#### [WORK TASK]
From the line containing "Your answer should be compact. 41.54." down to the line containing "Offer a terse response. 6.03." in the records below, reproduce every line exactly, ends included, and omit all others.
>>>
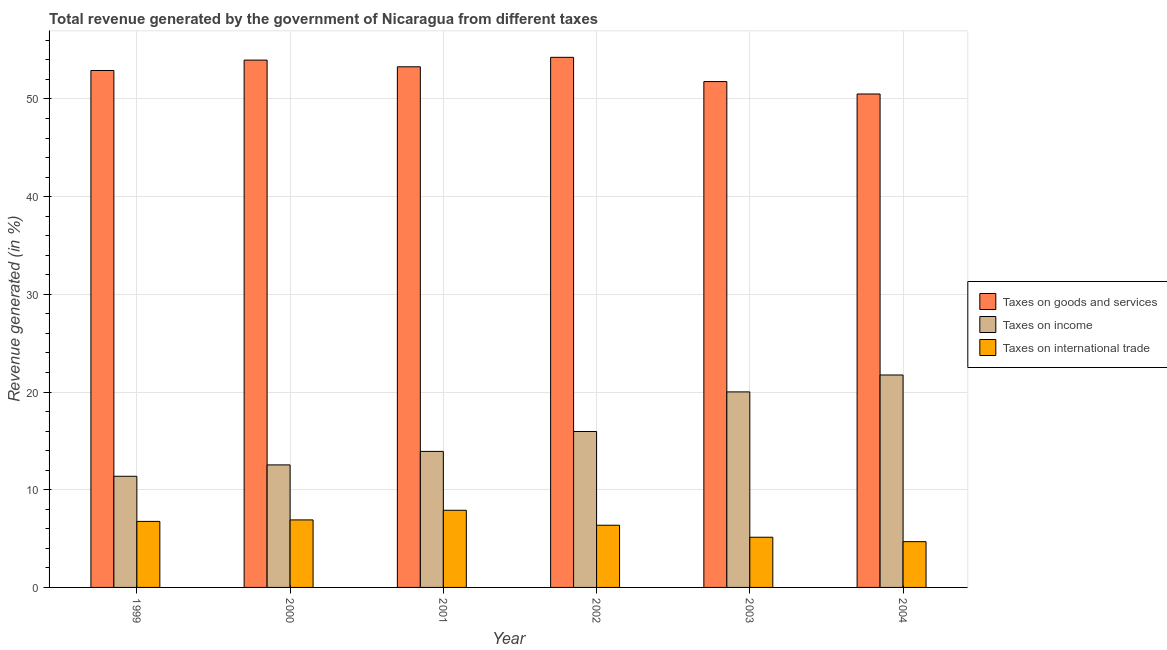How many different coloured bars are there?
Offer a terse response. 3. How many bars are there on the 5th tick from the right?
Make the answer very short. 3. What is the percentage of revenue generated by taxes on income in 2004?
Provide a short and direct response. 21.75. Across all years, what is the maximum percentage of revenue generated by taxes on income?
Give a very brief answer. 21.75. Across all years, what is the minimum percentage of revenue generated by taxes on income?
Offer a very short reply. 11.38. What is the total percentage of revenue generated by taxes on goods and services in the graph?
Ensure brevity in your answer.  316.75. What is the difference between the percentage of revenue generated by taxes on goods and services in 2000 and that in 2002?
Your response must be concise. -0.28. What is the difference between the percentage of revenue generated by taxes on goods and services in 1999 and the percentage of revenue generated by tax on international trade in 2000?
Keep it short and to the point. -1.06. What is the average percentage of revenue generated by tax on international trade per year?
Keep it short and to the point. 6.29. In how many years, is the percentage of revenue generated by taxes on goods and services greater than 16 %?
Keep it short and to the point. 6. What is the ratio of the percentage of revenue generated by taxes on goods and services in 1999 to that in 2002?
Your answer should be very brief. 0.98. What is the difference between the highest and the second highest percentage of revenue generated by taxes on goods and services?
Ensure brevity in your answer.  0.28. What is the difference between the highest and the lowest percentage of revenue generated by taxes on goods and services?
Offer a very short reply. 3.75. What does the 3rd bar from the left in 1999 represents?
Give a very brief answer. Taxes on international trade. What does the 1st bar from the right in 2001 represents?
Your answer should be compact. Taxes on international trade. How many bars are there?
Give a very brief answer. 18. How many years are there in the graph?
Give a very brief answer. 6. Are the values on the major ticks of Y-axis written in scientific E-notation?
Offer a very short reply. No. Where does the legend appear in the graph?
Provide a succinct answer. Center right. What is the title of the graph?
Provide a succinct answer. Total revenue generated by the government of Nicaragua from different taxes. Does "Financial account" appear as one of the legend labels in the graph?
Provide a succinct answer. No. What is the label or title of the X-axis?
Keep it short and to the point. Year. What is the label or title of the Y-axis?
Make the answer very short. Revenue generated (in %). What is the Revenue generated (in %) of Taxes on goods and services in 1999?
Your answer should be compact. 52.92. What is the Revenue generated (in %) of Taxes on income in 1999?
Offer a very short reply. 11.38. What is the Revenue generated (in %) in Taxes on international trade in 1999?
Keep it short and to the point. 6.76. What is the Revenue generated (in %) of Taxes on goods and services in 2000?
Ensure brevity in your answer.  53.98. What is the Revenue generated (in %) in Taxes on income in 2000?
Your answer should be compact. 12.54. What is the Revenue generated (in %) of Taxes on international trade in 2000?
Keep it short and to the point. 6.91. What is the Revenue generated (in %) in Taxes on goods and services in 2001?
Offer a terse response. 53.3. What is the Revenue generated (in %) of Taxes on income in 2001?
Keep it short and to the point. 13.93. What is the Revenue generated (in %) of Taxes on international trade in 2001?
Your answer should be very brief. 7.9. What is the Revenue generated (in %) of Taxes on goods and services in 2002?
Offer a very short reply. 54.26. What is the Revenue generated (in %) in Taxes on income in 2002?
Your answer should be very brief. 15.96. What is the Revenue generated (in %) in Taxes on international trade in 2002?
Provide a short and direct response. 6.36. What is the Revenue generated (in %) of Taxes on goods and services in 2003?
Give a very brief answer. 51.78. What is the Revenue generated (in %) in Taxes on income in 2003?
Give a very brief answer. 20.02. What is the Revenue generated (in %) in Taxes on international trade in 2003?
Your answer should be compact. 5.14. What is the Revenue generated (in %) of Taxes on goods and services in 2004?
Your answer should be compact. 50.51. What is the Revenue generated (in %) of Taxes on income in 2004?
Offer a terse response. 21.75. What is the Revenue generated (in %) in Taxes on international trade in 2004?
Keep it short and to the point. 4.69. Across all years, what is the maximum Revenue generated (in %) of Taxes on goods and services?
Give a very brief answer. 54.26. Across all years, what is the maximum Revenue generated (in %) in Taxes on income?
Offer a terse response. 21.75. Across all years, what is the maximum Revenue generated (in %) of Taxes on international trade?
Provide a succinct answer. 7.9. Across all years, what is the minimum Revenue generated (in %) of Taxes on goods and services?
Ensure brevity in your answer.  50.51. Across all years, what is the minimum Revenue generated (in %) in Taxes on income?
Give a very brief answer. 11.38. Across all years, what is the minimum Revenue generated (in %) of Taxes on international trade?
Ensure brevity in your answer.  4.69. What is the total Revenue generated (in %) in Taxes on goods and services in the graph?
Ensure brevity in your answer.  316.75. What is the total Revenue generated (in %) of Taxes on income in the graph?
Your answer should be very brief. 95.57. What is the total Revenue generated (in %) in Taxes on international trade in the graph?
Your response must be concise. 37.76. What is the difference between the Revenue generated (in %) of Taxes on goods and services in 1999 and that in 2000?
Provide a short and direct response. -1.06. What is the difference between the Revenue generated (in %) in Taxes on income in 1999 and that in 2000?
Your response must be concise. -1.16. What is the difference between the Revenue generated (in %) in Taxes on international trade in 1999 and that in 2000?
Your answer should be very brief. -0.15. What is the difference between the Revenue generated (in %) in Taxes on goods and services in 1999 and that in 2001?
Provide a succinct answer. -0.38. What is the difference between the Revenue generated (in %) of Taxes on income in 1999 and that in 2001?
Offer a terse response. -2.55. What is the difference between the Revenue generated (in %) in Taxes on international trade in 1999 and that in 2001?
Your answer should be very brief. -1.14. What is the difference between the Revenue generated (in %) of Taxes on goods and services in 1999 and that in 2002?
Keep it short and to the point. -1.35. What is the difference between the Revenue generated (in %) of Taxes on income in 1999 and that in 2002?
Give a very brief answer. -4.58. What is the difference between the Revenue generated (in %) in Taxes on international trade in 1999 and that in 2002?
Your answer should be compact. 0.39. What is the difference between the Revenue generated (in %) in Taxes on goods and services in 1999 and that in 2003?
Your answer should be compact. 1.13. What is the difference between the Revenue generated (in %) in Taxes on income in 1999 and that in 2003?
Offer a terse response. -8.64. What is the difference between the Revenue generated (in %) of Taxes on international trade in 1999 and that in 2003?
Keep it short and to the point. 1.62. What is the difference between the Revenue generated (in %) in Taxes on goods and services in 1999 and that in 2004?
Your answer should be very brief. 2.41. What is the difference between the Revenue generated (in %) of Taxes on income in 1999 and that in 2004?
Your answer should be compact. -10.37. What is the difference between the Revenue generated (in %) of Taxes on international trade in 1999 and that in 2004?
Keep it short and to the point. 2.07. What is the difference between the Revenue generated (in %) of Taxes on goods and services in 2000 and that in 2001?
Provide a succinct answer. 0.68. What is the difference between the Revenue generated (in %) in Taxes on income in 2000 and that in 2001?
Your answer should be compact. -1.38. What is the difference between the Revenue generated (in %) of Taxes on international trade in 2000 and that in 2001?
Ensure brevity in your answer.  -0.99. What is the difference between the Revenue generated (in %) in Taxes on goods and services in 2000 and that in 2002?
Offer a terse response. -0.28. What is the difference between the Revenue generated (in %) of Taxes on income in 2000 and that in 2002?
Your response must be concise. -3.42. What is the difference between the Revenue generated (in %) in Taxes on international trade in 2000 and that in 2002?
Your answer should be very brief. 0.55. What is the difference between the Revenue generated (in %) in Taxes on goods and services in 2000 and that in 2003?
Your answer should be compact. 2.2. What is the difference between the Revenue generated (in %) of Taxes on income in 2000 and that in 2003?
Ensure brevity in your answer.  -7.47. What is the difference between the Revenue generated (in %) in Taxes on international trade in 2000 and that in 2003?
Your response must be concise. 1.78. What is the difference between the Revenue generated (in %) in Taxes on goods and services in 2000 and that in 2004?
Give a very brief answer. 3.47. What is the difference between the Revenue generated (in %) in Taxes on income in 2000 and that in 2004?
Make the answer very short. -9.2. What is the difference between the Revenue generated (in %) in Taxes on international trade in 2000 and that in 2004?
Your answer should be very brief. 2.23. What is the difference between the Revenue generated (in %) of Taxes on goods and services in 2001 and that in 2002?
Your answer should be compact. -0.97. What is the difference between the Revenue generated (in %) in Taxes on income in 2001 and that in 2002?
Offer a very short reply. -2.04. What is the difference between the Revenue generated (in %) in Taxes on international trade in 2001 and that in 2002?
Your answer should be compact. 1.53. What is the difference between the Revenue generated (in %) in Taxes on goods and services in 2001 and that in 2003?
Your answer should be very brief. 1.51. What is the difference between the Revenue generated (in %) in Taxes on income in 2001 and that in 2003?
Provide a succinct answer. -6.09. What is the difference between the Revenue generated (in %) of Taxes on international trade in 2001 and that in 2003?
Make the answer very short. 2.76. What is the difference between the Revenue generated (in %) of Taxes on goods and services in 2001 and that in 2004?
Ensure brevity in your answer.  2.79. What is the difference between the Revenue generated (in %) of Taxes on income in 2001 and that in 2004?
Ensure brevity in your answer.  -7.82. What is the difference between the Revenue generated (in %) of Taxes on international trade in 2001 and that in 2004?
Ensure brevity in your answer.  3.21. What is the difference between the Revenue generated (in %) in Taxes on goods and services in 2002 and that in 2003?
Make the answer very short. 2.48. What is the difference between the Revenue generated (in %) of Taxes on income in 2002 and that in 2003?
Ensure brevity in your answer.  -4.05. What is the difference between the Revenue generated (in %) of Taxes on international trade in 2002 and that in 2003?
Give a very brief answer. 1.23. What is the difference between the Revenue generated (in %) of Taxes on goods and services in 2002 and that in 2004?
Give a very brief answer. 3.75. What is the difference between the Revenue generated (in %) in Taxes on income in 2002 and that in 2004?
Make the answer very short. -5.79. What is the difference between the Revenue generated (in %) in Taxes on international trade in 2002 and that in 2004?
Provide a short and direct response. 1.68. What is the difference between the Revenue generated (in %) of Taxes on goods and services in 2003 and that in 2004?
Provide a succinct answer. 1.27. What is the difference between the Revenue generated (in %) in Taxes on income in 2003 and that in 2004?
Your answer should be very brief. -1.73. What is the difference between the Revenue generated (in %) of Taxes on international trade in 2003 and that in 2004?
Provide a succinct answer. 0.45. What is the difference between the Revenue generated (in %) of Taxes on goods and services in 1999 and the Revenue generated (in %) of Taxes on income in 2000?
Provide a short and direct response. 40.37. What is the difference between the Revenue generated (in %) in Taxes on goods and services in 1999 and the Revenue generated (in %) in Taxes on international trade in 2000?
Your answer should be compact. 46.01. What is the difference between the Revenue generated (in %) in Taxes on income in 1999 and the Revenue generated (in %) in Taxes on international trade in 2000?
Make the answer very short. 4.47. What is the difference between the Revenue generated (in %) of Taxes on goods and services in 1999 and the Revenue generated (in %) of Taxes on income in 2001?
Keep it short and to the point. 38.99. What is the difference between the Revenue generated (in %) in Taxes on goods and services in 1999 and the Revenue generated (in %) in Taxes on international trade in 2001?
Your answer should be compact. 45.02. What is the difference between the Revenue generated (in %) of Taxes on income in 1999 and the Revenue generated (in %) of Taxes on international trade in 2001?
Keep it short and to the point. 3.48. What is the difference between the Revenue generated (in %) of Taxes on goods and services in 1999 and the Revenue generated (in %) of Taxes on income in 2002?
Offer a very short reply. 36.96. What is the difference between the Revenue generated (in %) in Taxes on goods and services in 1999 and the Revenue generated (in %) in Taxes on international trade in 2002?
Keep it short and to the point. 46.55. What is the difference between the Revenue generated (in %) of Taxes on income in 1999 and the Revenue generated (in %) of Taxes on international trade in 2002?
Your answer should be compact. 5.01. What is the difference between the Revenue generated (in %) of Taxes on goods and services in 1999 and the Revenue generated (in %) of Taxes on income in 2003?
Provide a succinct answer. 32.9. What is the difference between the Revenue generated (in %) of Taxes on goods and services in 1999 and the Revenue generated (in %) of Taxes on international trade in 2003?
Your response must be concise. 47.78. What is the difference between the Revenue generated (in %) of Taxes on income in 1999 and the Revenue generated (in %) of Taxes on international trade in 2003?
Offer a terse response. 6.24. What is the difference between the Revenue generated (in %) of Taxes on goods and services in 1999 and the Revenue generated (in %) of Taxes on income in 2004?
Your answer should be very brief. 31.17. What is the difference between the Revenue generated (in %) in Taxes on goods and services in 1999 and the Revenue generated (in %) in Taxes on international trade in 2004?
Offer a terse response. 48.23. What is the difference between the Revenue generated (in %) of Taxes on income in 1999 and the Revenue generated (in %) of Taxes on international trade in 2004?
Provide a short and direct response. 6.69. What is the difference between the Revenue generated (in %) of Taxes on goods and services in 2000 and the Revenue generated (in %) of Taxes on income in 2001?
Make the answer very short. 40.06. What is the difference between the Revenue generated (in %) in Taxes on goods and services in 2000 and the Revenue generated (in %) in Taxes on international trade in 2001?
Provide a succinct answer. 46.08. What is the difference between the Revenue generated (in %) in Taxes on income in 2000 and the Revenue generated (in %) in Taxes on international trade in 2001?
Give a very brief answer. 4.64. What is the difference between the Revenue generated (in %) of Taxes on goods and services in 2000 and the Revenue generated (in %) of Taxes on income in 2002?
Give a very brief answer. 38.02. What is the difference between the Revenue generated (in %) in Taxes on goods and services in 2000 and the Revenue generated (in %) in Taxes on international trade in 2002?
Give a very brief answer. 47.62. What is the difference between the Revenue generated (in %) of Taxes on income in 2000 and the Revenue generated (in %) of Taxes on international trade in 2002?
Offer a terse response. 6.18. What is the difference between the Revenue generated (in %) in Taxes on goods and services in 2000 and the Revenue generated (in %) in Taxes on income in 2003?
Offer a very short reply. 33.97. What is the difference between the Revenue generated (in %) in Taxes on goods and services in 2000 and the Revenue generated (in %) in Taxes on international trade in 2003?
Your answer should be very brief. 48.84. What is the difference between the Revenue generated (in %) of Taxes on income in 2000 and the Revenue generated (in %) of Taxes on international trade in 2003?
Offer a very short reply. 7.41. What is the difference between the Revenue generated (in %) in Taxes on goods and services in 2000 and the Revenue generated (in %) in Taxes on income in 2004?
Your answer should be compact. 32.23. What is the difference between the Revenue generated (in %) of Taxes on goods and services in 2000 and the Revenue generated (in %) of Taxes on international trade in 2004?
Make the answer very short. 49.29. What is the difference between the Revenue generated (in %) in Taxes on income in 2000 and the Revenue generated (in %) in Taxes on international trade in 2004?
Your answer should be very brief. 7.86. What is the difference between the Revenue generated (in %) in Taxes on goods and services in 2001 and the Revenue generated (in %) in Taxes on income in 2002?
Make the answer very short. 37.34. What is the difference between the Revenue generated (in %) of Taxes on goods and services in 2001 and the Revenue generated (in %) of Taxes on international trade in 2002?
Make the answer very short. 46.93. What is the difference between the Revenue generated (in %) in Taxes on income in 2001 and the Revenue generated (in %) in Taxes on international trade in 2002?
Offer a very short reply. 7.56. What is the difference between the Revenue generated (in %) of Taxes on goods and services in 2001 and the Revenue generated (in %) of Taxes on income in 2003?
Provide a succinct answer. 33.28. What is the difference between the Revenue generated (in %) of Taxes on goods and services in 2001 and the Revenue generated (in %) of Taxes on international trade in 2003?
Provide a short and direct response. 48.16. What is the difference between the Revenue generated (in %) of Taxes on income in 2001 and the Revenue generated (in %) of Taxes on international trade in 2003?
Provide a short and direct response. 8.79. What is the difference between the Revenue generated (in %) in Taxes on goods and services in 2001 and the Revenue generated (in %) in Taxes on income in 2004?
Offer a terse response. 31.55. What is the difference between the Revenue generated (in %) in Taxes on goods and services in 2001 and the Revenue generated (in %) in Taxes on international trade in 2004?
Make the answer very short. 48.61. What is the difference between the Revenue generated (in %) in Taxes on income in 2001 and the Revenue generated (in %) in Taxes on international trade in 2004?
Your response must be concise. 9.24. What is the difference between the Revenue generated (in %) in Taxes on goods and services in 2002 and the Revenue generated (in %) in Taxes on income in 2003?
Offer a terse response. 34.25. What is the difference between the Revenue generated (in %) in Taxes on goods and services in 2002 and the Revenue generated (in %) in Taxes on international trade in 2003?
Offer a very short reply. 49.13. What is the difference between the Revenue generated (in %) in Taxes on income in 2002 and the Revenue generated (in %) in Taxes on international trade in 2003?
Give a very brief answer. 10.83. What is the difference between the Revenue generated (in %) in Taxes on goods and services in 2002 and the Revenue generated (in %) in Taxes on income in 2004?
Provide a succinct answer. 32.52. What is the difference between the Revenue generated (in %) of Taxes on goods and services in 2002 and the Revenue generated (in %) of Taxes on international trade in 2004?
Offer a very short reply. 49.58. What is the difference between the Revenue generated (in %) in Taxes on income in 2002 and the Revenue generated (in %) in Taxes on international trade in 2004?
Give a very brief answer. 11.28. What is the difference between the Revenue generated (in %) of Taxes on goods and services in 2003 and the Revenue generated (in %) of Taxes on income in 2004?
Offer a terse response. 30.04. What is the difference between the Revenue generated (in %) of Taxes on goods and services in 2003 and the Revenue generated (in %) of Taxes on international trade in 2004?
Provide a succinct answer. 47.1. What is the difference between the Revenue generated (in %) in Taxes on income in 2003 and the Revenue generated (in %) in Taxes on international trade in 2004?
Your answer should be very brief. 15.33. What is the average Revenue generated (in %) in Taxes on goods and services per year?
Give a very brief answer. 52.79. What is the average Revenue generated (in %) of Taxes on income per year?
Offer a very short reply. 15.93. What is the average Revenue generated (in %) in Taxes on international trade per year?
Make the answer very short. 6.29. In the year 1999, what is the difference between the Revenue generated (in %) of Taxes on goods and services and Revenue generated (in %) of Taxes on income?
Your answer should be compact. 41.54. In the year 1999, what is the difference between the Revenue generated (in %) of Taxes on goods and services and Revenue generated (in %) of Taxes on international trade?
Give a very brief answer. 46.16. In the year 1999, what is the difference between the Revenue generated (in %) in Taxes on income and Revenue generated (in %) in Taxes on international trade?
Provide a succinct answer. 4.62. In the year 2000, what is the difference between the Revenue generated (in %) in Taxes on goods and services and Revenue generated (in %) in Taxes on income?
Offer a terse response. 41.44. In the year 2000, what is the difference between the Revenue generated (in %) of Taxes on goods and services and Revenue generated (in %) of Taxes on international trade?
Keep it short and to the point. 47.07. In the year 2000, what is the difference between the Revenue generated (in %) of Taxes on income and Revenue generated (in %) of Taxes on international trade?
Keep it short and to the point. 5.63. In the year 2001, what is the difference between the Revenue generated (in %) of Taxes on goods and services and Revenue generated (in %) of Taxes on income?
Ensure brevity in your answer.  39.37. In the year 2001, what is the difference between the Revenue generated (in %) of Taxes on goods and services and Revenue generated (in %) of Taxes on international trade?
Ensure brevity in your answer.  45.4. In the year 2001, what is the difference between the Revenue generated (in %) of Taxes on income and Revenue generated (in %) of Taxes on international trade?
Offer a terse response. 6.03. In the year 2002, what is the difference between the Revenue generated (in %) of Taxes on goods and services and Revenue generated (in %) of Taxes on income?
Your answer should be compact. 38.3. In the year 2002, what is the difference between the Revenue generated (in %) of Taxes on goods and services and Revenue generated (in %) of Taxes on international trade?
Offer a terse response. 47.9. In the year 2002, what is the difference between the Revenue generated (in %) in Taxes on income and Revenue generated (in %) in Taxes on international trade?
Provide a succinct answer. 9.6. In the year 2003, what is the difference between the Revenue generated (in %) in Taxes on goods and services and Revenue generated (in %) in Taxes on income?
Your answer should be compact. 31.77. In the year 2003, what is the difference between the Revenue generated (in %) of Taxes on goods and services and Revenue generated (in %) of Taxes on international trade?
Your response must be concise. 46.65. In the year 2003, what is the difference between the Revenue generated (in %) in Taxes on income and Revenue generated (in %) in Taxes on international trade?
Your response must be concise. 14.88. In the year 2004, what is the difference between the Revenue generated (in %) in Taxes on goods and services and Revenue generated (in %) in Taxes on income?
Your answer should be very brief. 28.76. In the year 2004, what is the difference between the Revenue generated (in %) of Taxes on goods and services and Revenue generated (in %) of Taxes on international trade?
Provide a short and direct response. 45.82. In the year 2004, what is the difference between the Revenue generated (in %) in Taxes on income and Revenue generated (in %) in Taxes on international trade?
Your response must be concise. 17.06. What is the ratio of the Revenue generated (in %) of Taxes on goods and services in 1999 to that in 2000?
Give a very brief answer. 0.98. What is the ratio of the Revenue generated (in %) of Taxes on income in 1999 to that in 2000?
Your response must be concise. 0.91. What is the ratio of the Revenue generated (in %) of Taxes on international trade in 1999 to that in 2000?
Your answer should be very brief. 0.98. What is the ratio of the Revenue generated (in %) of Taxes on goods and services in 1999 to that in 2001?
Ensure brevity in your answer.  0.99. What is the ratio of the Revenue generated (in %) in Taxes on income in 1999 to that in 2001?
Your answer should be compact. 0.82. What is the ratio of the Revenue generated (in %) in Taxes on international trade in 1999 to that in 2001?
Give a very brief answer. 0.86. What is the ratio of the Revenue generated (in %) of Taxes on goods and services in 1999 to that in 2002?
Your answer should be compact. 0.98. What is the ratio of the Revenue generated (in %) of Taxes on income in 1999 to that in 2002?
Provide a short and direct response. 0.71. What is the ratio of the Revenue generated (in %) in Taxes on international trade in 1999 to that in 2002?
Give a very brief answer. 1.06. What is the ratio of the Revenue generated (in %) in Taxes on goods and services in 1999 to that in 2003?
Provide a succinct answer. 1.02. What is the ratio of the Revenue generated (in %) of Taxes on income in 1999 to that in 2003?
Your answer should be compact. 0.57. What is the ratio of the Revenue generated (in %) of Taxes on international trade in 1999 to that in 2003?
Keep it short and to the point. 1.32. What is the ratio of the Revenue generated (in %) of Taxes on goods and services in 1999 to that in 2004?
Offer a terse response. 1.05. What is the ratio of the Revenue generated (in %) of Taxes on income in 1999 to that in 2004?
Your answer should be compact. 0.52. What is the ratio of the Revenue generated (in %) in Taxes on international trade in 1999 to that in 2004?
Provide a succinct answer. 1.44. What is the ratio of the Revenue generated (in %) of Taxes on goods and services in 2000 to that in 2001?
Your answer should be very brief. 1.01. What is the ratio of the Revenue generated (in %) of Taxes on income in 2000 to that in 2001?
Make the answer very short. 0.9. What is the ratio of the Revenue generated (in %) of Taxes on international trade in 2000 to that in 2001?
Keep it short and to the point. 0.88. What is the ratio of the Revenue generated (in %) in Taxes on goods and services in 2000 to that in 2002?
Your response must be concise. 0.99. What is the ratio of the Revenue generated (in %) in Taxes on income in 2000 to that in 2002?
Make the answer very short. 0.79. What is the ratio of the Revenue generated (in %) in Taxes on international trade in 2000 to that in 2002?
Keep it short and to the point. 1.09. What is the ratio of the Revenue generated (in %) of Taxes on goods and services in 2000 to that in 2003?
Make the answer very short. 1.04. What is the ratio of the Revenue generated (in %) in Taxes on income in 2000 to that in 2003?
Give a very brief answer. 0.63. What is the ratio of the Revenue generated (in %) in Taxes on international trade in 2000 to that in 2003?
Keep it short and to the point. 1.35. What is the ratio of the Revenue generated (in %) of Taxes on goods and services in 2000 to that in 2004?
Keep it short and to the point. 1.07. What is the ratio of the Revenue generated (in %) in Taxes on income in 2000 to that in 2004?
Your answer should be very brief. 0.58. What is the ratio of the Revenue generated (in %) of Taxes on international trade in 2000 to that in 2004?
Keep it short and to the point. 1.47. What is the ratio of the Revenue generated (in %) in Taxes on goods and services in 2001 to that in 2002?
Offer a very short reply. 0.98. What is the ratio of the Revenue generated (in %) of Taxes on income in 2001 to that in 2002?
Offer a very short reply. 0.87. What is the ratio of the Revenue generated (in %) of Taxes on international trade in 2001 to that in 2002?
Offer a very short reply. 1.24. What is the ratio of the Revenue generated (in %) of Taxes on goods and services in 2001 to that in 2003?
Provide a short and direct response. 1.03. What is the ratio of the Revenue generated (in %) of Taxes on income in 2001 to that in 2003?
Provide a short and direct response. 0.7. What is the ratio of the Revenue generated (in %) of Taxes on international trade in 2001 to that in 2003?
Provide a short and direct response. 1.54. What is the ratio of the Revenue generated (in %) in Taxes on goods and services in 2001 to that in 2004?
Your response must be concise. 1.06. What is the ratio of the Revenue generated (in %) in Taxes on income in 2001 to that in 2004?
Offer a very short reply. 0.64. What is the ratio of the Revenue generated (in %) of Taxes on international trade in 2001 to that in 2004?
Make the answer very short. 1.69. What is the ratio of the Revenue generated (in %) of Taxes on goods and services in 2002 to that in 2003?
Your response must be concise. 1.05. What is the ratio of the Revenue generated (in %) in Taxes on income in 2002 to that in 2003?
Offer a terse response. 0.8. What is the ratio of the Revenue generated (in %) of Taxes on international trade in 2002 to that in 2003?
Your answer should be compact. 1.24. What is the ratio of the Revenue generated (in %) in Taxes on goods and services in 2002 to that in 2004?
Provide a succinct answer. 1.07. What is the ratio of the Revenue generated (in %) of Taxes on income in 2002 to that in 2004?
Your answer should be compact. 0.73. What is the ratio of the Revenue generated (in %) in Taxes on international trade in 2002 to that in 2004?
Offer a very short reply. 1.36. What is the ratio of the Revenue generated (in %) of Taxes on goods and services in 2003 to that in 2004?
Provide a short and direct response. 1.03. What is the ratio of the Revenue generated (in %) of Taxes on income in 2003 to that in 2004?
Keep it short and to the point. 0.92. What is the ratio of the Revenue generated (in %) of Taxes on international trade in 2003 to that in 2004?
Keep it short and to the point. 1.1. What is the difference between the highest and the second highest Revenue generated (in %) of Taxes on goods and services?
Provide a short and direct response. 0.28. What is the difference between the highest and the second highest Revenue generated (in %) in Taxes on income?
Give a very brief answer. 1.73. What is the difference between the highest and the lowest Revenue generated (in %) in Taxes on goods and services?
Provide a short and direct response. 3.75. What is the difference between the highest and the lowest Revenue generated (in %) in Taxes on income?
Make the answer very short. 10.37. What is the difference between the highest and the lowest Revenue generated (in %) of Taxes on international trade?
Offer a very short reply. 3.21.
<<<
#### [COMPLETED EXERCISE]
Your answer should be compact. 41.54. In the year 1999, what is the difference between the Revenue generated (in %) of Taxes on goods and services and Revenue generated (in %) of Taxes on international trade?
Give a very brief answer. 46.16. In the year 1999, what is the difference between the Revenue generated (in %) in Taxes on income and Revenue generated (in %) in Taxes on international trade?
Provide a succinct answer. 4.62. In the year 2000, what is the difference between the Revenue generated (in %) in Taxes on goods and services and Revenue generated (in %) in Taxes on income?
Offer a terse response. 41.44. In the year 2000, what is the difference between the Revenue generated (in %) of Taxes on goods and services and Revenue generated (in %) of Taxes on international trade?
Keep it short and to the point. 47.07. In the year 2000, what is the difference between the Revenue generated (in %) of Taxes on income and Revenue generated (in %) of Taxes on international trade?
Keep it short and to the point. 5.63. In the year 2001, what is the difference between the Revenue generated (in %) of Taxes on goods and services and Revenue generated (in %) of Taxes on income?
Ensure brevity in your answer.  39.37. In the year 2001, what is the difference between the Revenue generated (in %) of Taxes on goods and services and Revenue generated (in %) of Taxes on international trade?
Ensure brevity in your answer.  45.4. In the year 2001, what is the difference between the Revenue generated (in %) of Taxes on income and Revenue generated (in %) of Taxes on international trade?
Offer a terse response. 6.03. In the year 2002, what is the difference between the Revenue generated (in %) of Taxes on goods and services and Revenue generated (in %) of Taxes on income?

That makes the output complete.